▶ [ABOUT THIS TASK]: Could you output each line below precisely as it stands, without the images?

--*--

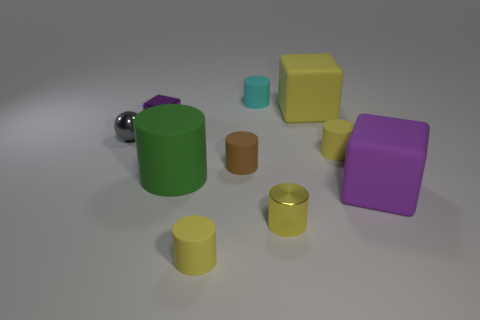Subtract all brown cubes. How many yellow cylinders are left? 3 Subtract all green cylinders. How many cylinders are left? 5 Subtract all large green cylinders. How many cylinders are left? 5 Subtract all gray cylinders. Subtract all yellow spheres. How many cylinders are left? 6 Subtract all cylinders. How many objects are left? 4 Add 9 large green matte objects. How many large green matte objects exist? 10 Subtract 0 red cubes. How many objects are left? 10 Subtract all purple matte cylinders. Subtract all small gray spheres. How many objects are left? 9 Add 5 cyan matte cylinders. How many cyan matte cylinders are left? 6 
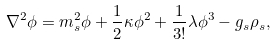Convert formula to latex. <formula><loc_0><loc_0><loc_500><loc_500>\nabla ^ { 2 } \phi = m _ { s } ^ { 2 } \phi + \frac { 1 } { 2 } \kappa \phi ^ { 2 } + \frac { 1 } { 3 ! } \lambda \phi ^ { 3 } - g _ { s } \rho _ { s } ,</formula> 
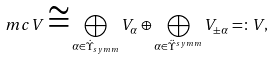<formula> <loc_0><loc_0><loc_500><loc_500>\ m c V \cong \bigoplus _ { \alpha \in \dot { \Upsilon } _ { s y m m } } V _ { \alpha } \oplus \bigoplus _ { \alpha \in \ddot { \Upsilon } ^ { s y m m } } V _ { \pm \alpha } = \colon V ,</formula> 
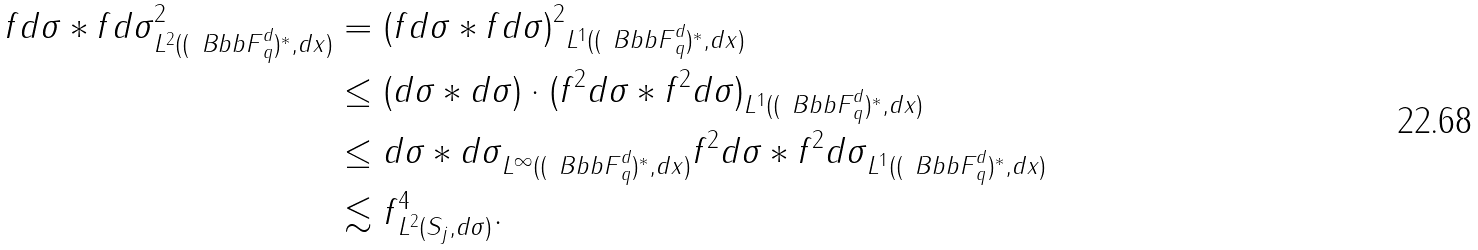Convert formula to latex. <formula><loc_0><loc_0><loc_500><loc_500>\| f d \sigma \ast f d \sigma \| ^ { 2 } _ { L ^ { 2 } ( ( { \ B b b F } _ { q } ^ { d } ) ^ { * } , d x ) } & = \| ( f d \sigma \ast f d \sigma ) ^ { 2 } \| _ { L ^ { 1 } ( ( { \ B b b F } _ { q } ^ { d } ) ^ { * } , d x ) } \\ & \leq \| ( d \sigma \ast d \sigma ) \cdot ( f ^ { 2 } d \sigma \ast f ^ { 2 } d \sigma ) \| _ { L ^ { 1 } ( ( { \ B b b F } _ { q } ^ { d } ) ^ { * } , d x ) } \\ & \leq \| d \sigma \ast d \sigma \| _ { L ^ { \infty } ( ( { \ B b b F } _ { q } ^ { d } ) ^ { * } , d x ) } \| f ^ { 2 } d \sigma \ast f ^ { 2 } d \sigma \| _ { L ^ { 1 } ( ( { \ B b b F } _ { q } ^ { d } ) ^ { * } , d x ) } \\ & \lesssim \| f \| ^ { 4 } _ { L ^ { 2 } ( S _ { j } , d \sigma ) } .</formula> 
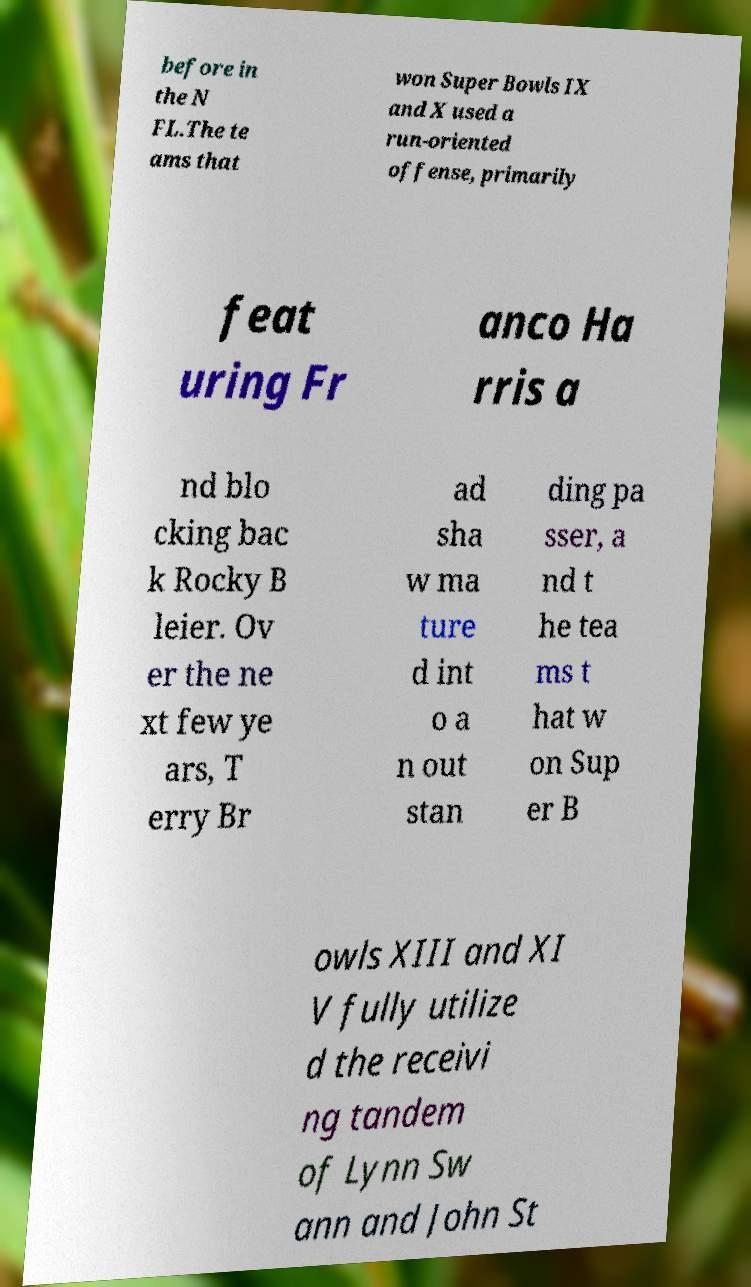I need the written content from this picture converted into text. Can you do that? before in the N FL.The te ams that won Super Bowls IX and X used a run-oriented offense, primarily feat uring Fr anco Ha rris a nd blo cking bac k Rocky B leier. Ov er the ne xt few ye ars, T erry Br ad sha w ma ture d int o a n out stan ding pa sser, a nd t he tea ms t hat w on Sup er B owls XIII and XI V fully utilize d the receivi ng tandem of Lynn Sw ann and John St 
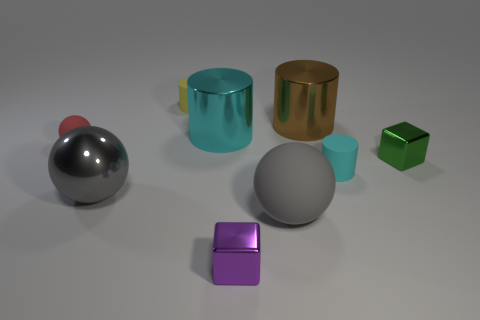What number of other things are there of the same color as the metal ball?
Make the answer very short. 1. There is another large sphere that is the same color as the big shiny ball; what is it made of?
Offer a very short reply. Rubber. Are the big brown cylinder and the cyan object that is in front of the tiny green cube made of the same material?
Your answer should be very brief. No. What number of rubber balls are the same color as the big metal sphere?
Make the answer very short. 1. What number of things are matte objects that are left of the tiny yellow thing or large things?
Provide a succinct answer. 5. Are there any other objects of the same size as the brown object?
Offer a very short reply. Yes. There is a small yellow thing that is behind the red sphere; is there a tiny purple thing that is to the right of it?
Offer a very short reply. Yes. How many balls are either large rubber things or small red things?
Your answer should be very brief. 2. Are there any other things of the same shape as the green shiny thing?
Offer a terse response. Yes. The small green shiny object is what shape?
Ensure brevity in your answer.  Cube. 
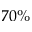<formula> <loc_0><loc_0><loc_500><loc_500>7 0 \%</formula> 
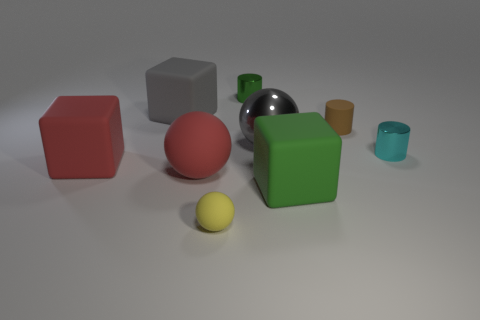Are any big gray matte things visible?
Your answer should be very brief. Yes. How many other things are there of the same size as the brown object?
Provide a short and direct response. 3. Do the large rubber block that is behind the big metal object and the tiny shiny cylinder left of the cyan metallic thing have the same color?
Your answer should be very brief. No. What is the size of the brown thing that is the same shape as the cyan thing?
Provide a succinct answer. Small. Are the large sphere that is on the left side of the yellow ball and the cube that is behind the big red matte block made of the same material?
Provide a succinct answer. Yes. How many matte things are yellow blocks or big green blocks?
Give a very brief answer. 1. The small thing in front of the small metallic cylinder that is to the right of the cylinder left of the green cube is made of what material?
Offer a terse response. Rubber. Does the tiny rubber thing that is on the right side of the yellow rubber object have the same shape as the thing in front of the large green matte block?
Make the answer very short. No. What color is the large rubber object behind the tiny metallic object right of the brown rubber thing?
Provide a succinct answer. Gray. What number of blocks are either large things or big green things?
Your response must be concise. 3. 
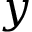<formula> <loc_0><loc_0><loc_500><loc_500>y</formula>

--*--

▶ [EXPECTED ANSWER]:
Subtract all brown cubes. How many yellow cylinders are left? 3 Subtract all green cylinders. How many cylinders are left? 5 Subtract all large green cylinders. How many cylinders are left? 5 Subtract all gray cylinders. Subtract all yellow spheres. How many cylinders are left? 6 Subtract all cylinders. How many objects are left? 4 Add 9 large green matte objects. How many large green matte objects exist? 10 Subtract 0 red cubes. How many objects are left? 10 Subtract all purple matte cylinders. Subtract all small gray spheres. How many objects are left? 9 Add 5 cyan matte cylinders. How many cyan matte cylinders are left? 6 
Convert formula to latex. <formula><loc_0><loc_0><loc_500><loc_500>\nabla ^ { 2 } \phi = m _ { s } ^ { 2 } \phi + \frac { 1 } { 2 } \kappa \phi ^ { 2 } + \frac { 1 } { 3 ! } \lambda \phi ^ { 3 } - g _ { s } \rho _ { s } ,</formula> 
<formula> <loc_0><loc_0><loc_500><loc_500>\ m c V \cong \bigoplus _ { \alpha \in \dot { \Upsilon } _ { s y m m } } V _ { \alpha } \oplus \bigoplus _ { \alpha \in \ddot { \Upsilon } ^ { s y m m } } V _ { \pm \alpha } = \colon V ,</formula> 
Convert formula to latex. <formula><loc_0><loc_0><loc_500><loc_500>\| f d \sigma \ast f d \sigma \| ^ { 2 } _ { L ^ { 2 } ( ( { \ B b b F } _ { q } ^ { d } ) ^ { * } , d x ) } & = \| ( f d \sigma \ast f d \sigma ) ^ { 2 } \| _ { L ^ { 1 } ( ( { \ B b b F } _ { q } ^ { d } ) ^ { * } , d x ) } \\ & \leq \| ( d \sigma \ast d \sigma ) \cdot ( f ^ { 2 } d \sigma \ast f ^ { 2 } d \sigma ) \| _ { L ^ { 1 } ( ( { \ B b b F } _ { q } ^ { d } ) ^ { * } , d x ) } \\ & \leq \| d \sigma \ast d \sigma \| _ { L ^ { \infty } ( ( { \ B b b F } _ { q } ^ { d } ) ^ { * } , d x ) } \| f ^ { 2 } d \sigma \ast f ^ { 2 } d \sigma \| _ { L ^ { 1 } ( ( { \ B b b F } _ { q } ^ { d } ) ^ { * } , d x ) } \\ & \lesssim \| f \| ^ { 4 } _ { L ^ { 2 } ( S _ { j } , d \sigma ) } .</formula> 
I need the written content from this picture converted into text. Can you do that? before in the N FL.The te ams that won Super Bowls IX and X used a run-oriented offense, primarily feat uring Fr anco Ha rris a nd blo cking bac k Rocky B leier. Ov er the ne xt few ye ars, T erry Br ad sha w ma ture d int o a n out stan ding pa sser, a nd t he tea ms t hat w on Sup er B owls XIII and XI V fully utilize d the receivi ng tandem of Lynn Sw ann and John St 
What number of other things are there of the same color as the metal ball?
Make the answer very short. 1. There is another large sphere that is the same color as the big shiny ball; what is it made of?
Offer a very short reply. Rubber. Are the big brown cylinder and the cyan object that is in front of the tiny green cube made of the same material?
Your answer should be very brief. No. What number of rubber balls are the same color as the big metal sphere?
Make the answer very short. 1. What number of things are matte objects that are left of the tiny yellow thing or large things?
Provide a succinct answer. 5. Are there any other objects of the same size as the brown object?
Offer a very short reply. Yes. There is a small yellow thing that is behind the red sphere; is there a tiny purple thing that is to the right of it?
Offer a very short reply. Yes. How many balls are either large rubber things or small red things?
Your answer should be very brief. 2. Are there any other things of the same shape as the green shiny thing?
Offer a terse response. Yes. The small green shiny object is what shape?
Ensure brevity in your answer.  Cube. 
<formula> <loc_0><loc_0><loc_500><loc_500>7 0 \%</formula> 
Are any big gray matte things visible?
Your answer should be very brief. Yes. How many other things are there of the same size as the brown object?
Provide a short and direct response. 3. Do the large rubber block that is behind the big metal object and the tiny shiny cylinder left of the cyan metallic thing have the same color?
Your answer should be very brief. No. What is the size of the brown thing that is the same shape as the cyan thing?
Provide a succinct answer. Small. Are the large sphere that is on the left side of the yellow ball and the cube that is behind the big red matte block made of the same material?
Provide a succinct answer. Yes. How many matte things are yellow blocks or big green blocks?
Give a very brief answer. 1. The small thing in front of the small metallic cylinder that is to the right of the cylinder left of the green cube is made of what material?
Offer a terse response. Rubber. Does the tiny rubber thing that is on the right side of the yellow rubber object have the same shape as the thing in front of the large green matte block?
Make the answer very short. No. What color is the large rubber object behind the tiny metallic object right of the brown rubber thing?
Provide a succinct answer. Gray. What number of blocks are either large things or big green things?
Your response must be concise. 3. 
<formula> <loc_0><loc_0><loc_500><loc_500>y</formula>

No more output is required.